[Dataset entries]
********

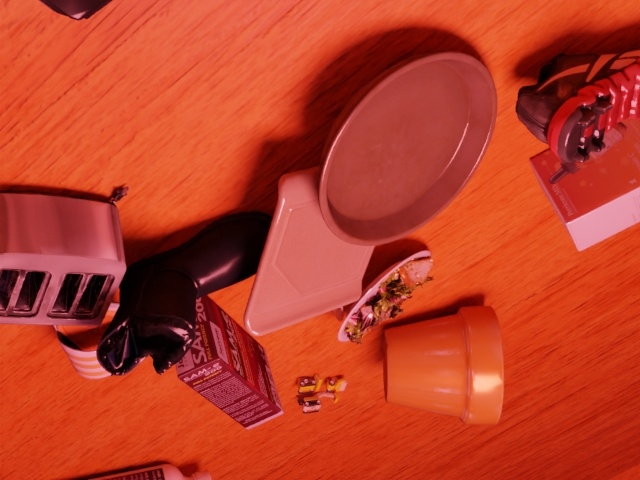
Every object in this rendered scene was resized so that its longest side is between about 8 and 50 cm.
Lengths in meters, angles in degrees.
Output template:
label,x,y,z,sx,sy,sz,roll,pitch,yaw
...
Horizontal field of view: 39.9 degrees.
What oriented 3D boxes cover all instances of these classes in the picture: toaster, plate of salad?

********

▶ REQUIRED ACTION: The answer is the line with "Lengths in meters, angles in degrees." plus every line after it to the last line of the entries above, copied exactly and with no other lines.

▶ FINISHED TASK:
Lengths in meters, angles in degrees.
Output template:
label,x,y,z,sx,sy,sz,roll,pitch,yaw
...
Horizontal field of view: 39.9 degrees.
What oriented 3D boxes cover all instances of these classes in the picture: toaster, plate of salad?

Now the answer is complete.